The tools covered in this module: alignment, prompting, reasoning, evaluation: are already transforming social science methodology. This section highlights key papers that demonstrate how these techniques open new research possibilities and introduce new methodological challenges.

Alignment & Opinion Representation

Post-training does not just affect model style: it shapes what perspectives models represent. Understanding this is essential for any research that uses model outputs as data.

Santurkar et al. (2023), Whose Opinions Do Language Models Reflect? ICML. Demonstrates that RLHF shifts model outputs toward the opinion distributions of specific demographic groups: particularly those overrepresented among annotators. For social scientists using LLMs to simulate human responses or measure public opinion, this finding is critical: the model’s “opinions” are partly an artifact of whose preferences shaped its training.

Prompting as Experimental Design

The prompting techniques covered in this module are not just practical tools: they are methodological choices with direct implications for research validity.

Ziems et al. (2024), Can Large Language Models Transform Computational Social Science? Computational Linguistics. A comprehensive review of LLM applications across computational social science that treats prompt design as experimental design. The paper emphasises that methodological validity in CSS requires the same attention to instrument design that traditional social science demands: and that LLMs introduce new validity concerns (prompt sensitivity, model opacity, temporal instability) alongside their capabilities.

Argyle et al. (2023), Out of One, Many: Using Language Models to Simulate Human Samples. Political Analysis. Demonstrates that prompt framing: how you specify a persona’s demographic characteristics, backstory, and context: substantially determines the distribution of simulated survey responses. Under carefully controlled prompting, LLMs can approximate some population-level patterns, but the prompt is doing much of the work. This connects the prompting techniques from this module directly to the question of whether LLM outputs can stand in for human data.
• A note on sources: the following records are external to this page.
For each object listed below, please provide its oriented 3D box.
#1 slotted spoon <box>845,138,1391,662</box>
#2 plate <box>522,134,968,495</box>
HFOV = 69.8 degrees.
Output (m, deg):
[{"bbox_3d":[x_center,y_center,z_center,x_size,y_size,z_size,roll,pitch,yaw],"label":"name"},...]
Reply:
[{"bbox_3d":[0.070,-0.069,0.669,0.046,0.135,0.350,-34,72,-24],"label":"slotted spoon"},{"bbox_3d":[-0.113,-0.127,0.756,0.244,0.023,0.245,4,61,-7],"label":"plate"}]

Reasoning & Analytical Complexity

Huang & Chang (2023), Towards Reasoning in Large Language Models: A Survey. Findings of ACL. Surveys the reasoning capabilities and limitations of large language models. For social science applications, the key finding is that chain-of-thought prompting can improve performance on nuanced text annotation tasks: detecting implicit sentiment, sarcasm, or framing in political text: where direct classification tends to miss subtlety. However, the survey also cautions that model-generated reasoning is not always faithful to the model’s actual computation; the “explanation” may be a post-hoc rationalisation rather than a transparent reasoning trace.
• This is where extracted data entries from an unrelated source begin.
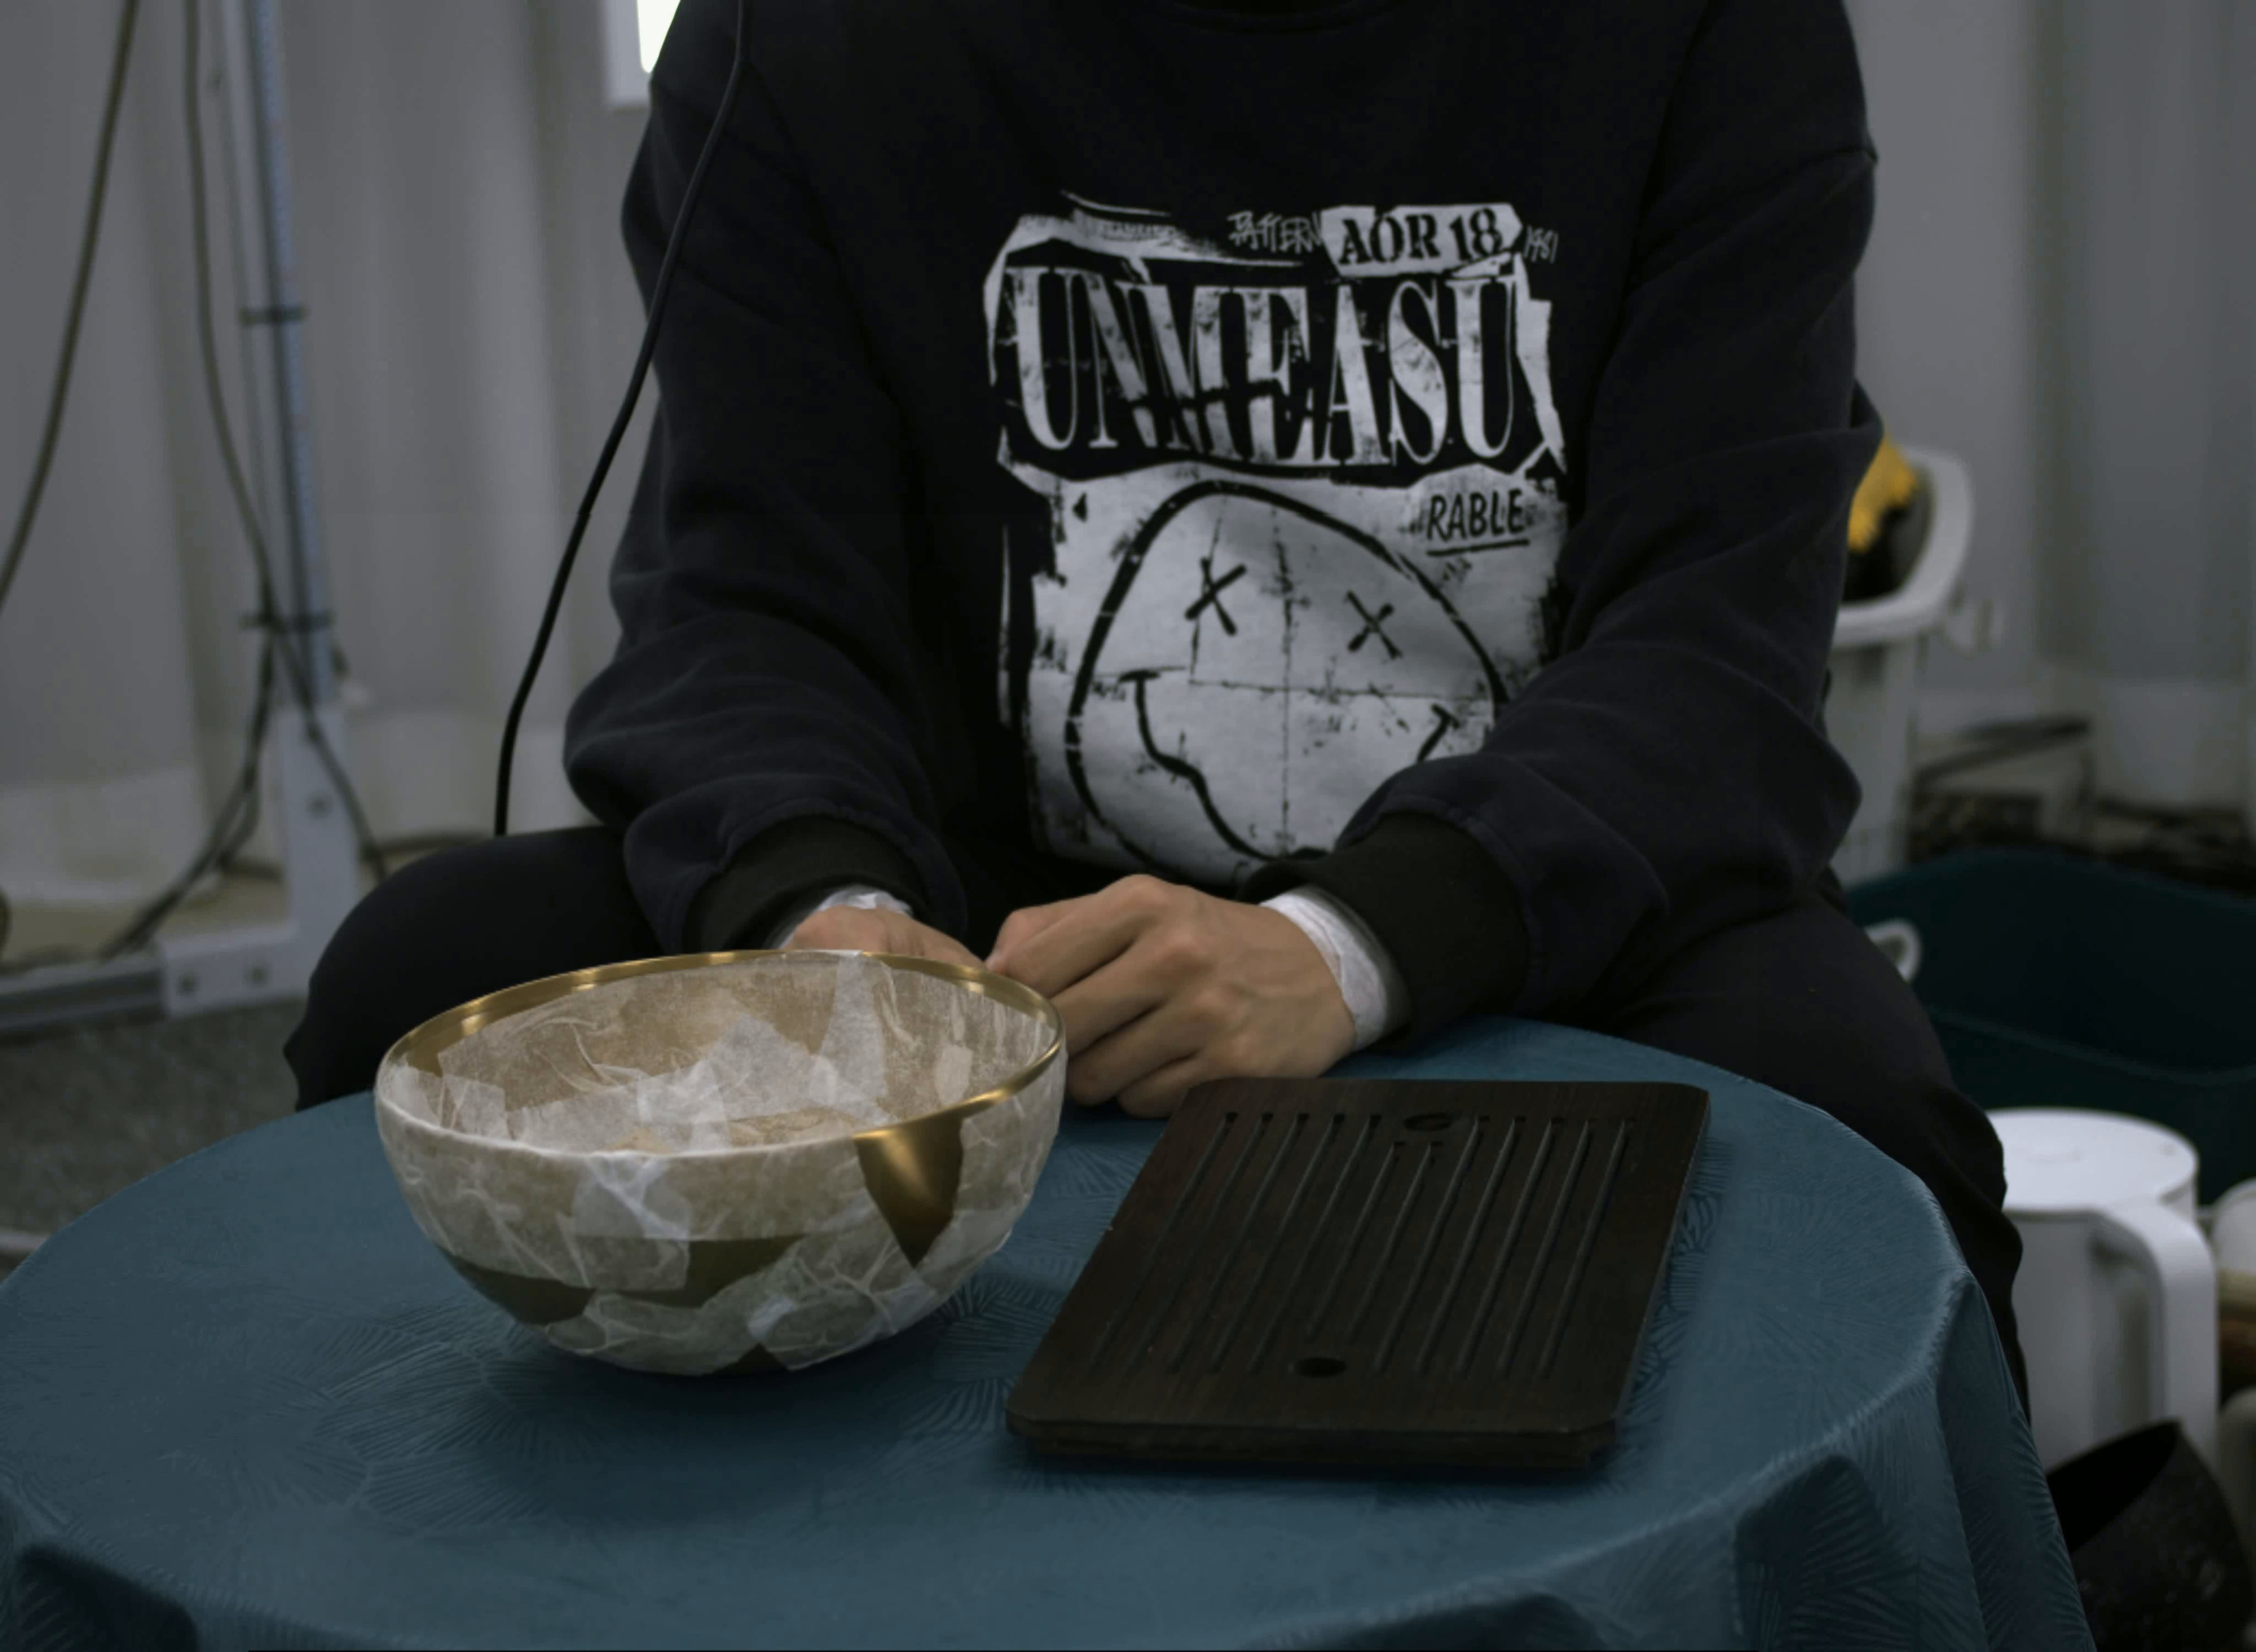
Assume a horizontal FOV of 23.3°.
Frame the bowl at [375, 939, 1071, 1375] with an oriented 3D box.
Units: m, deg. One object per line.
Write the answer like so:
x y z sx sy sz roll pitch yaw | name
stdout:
-0.111 0.104 1.595 0.214 0.094 0.216 -4 14 1 | bowl

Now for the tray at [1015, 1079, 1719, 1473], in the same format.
0.078 0.130 1.610 0.170 0.018 0.307 0 15 11 | tray

Evaluation as Research Design

Weber & Reichardt (2023), Evaluation is All You Need. Offers a framework for thinking about LLM evaluation in social science contexts. The central argument: benchmark thinking translates directly to research design. Just as you would not trust a survey instrument without validating it, you should not trust an LLM classifier without building a task-specific evaluation. The paper provides practical guidance on constructing domain-specific evaluations before committing to a model.

Key Takeaway

The foundations covered in this module: post-training, prompting, reasoning, and evaluation: are not just technical prerequisites. They are methodological decisions that directly affect research validity. Alignment shapes what perspectives models represent. Prompt design defines your construct. Reasoning techniques trade cost for accuracy. Evaluation practices determine whether your results are trustworthy. The subsequent modules build directly on these tools: Day 3 covers classification pipelines at scale, validation frameworks, and the decision of when to fine-tune instead of prompt.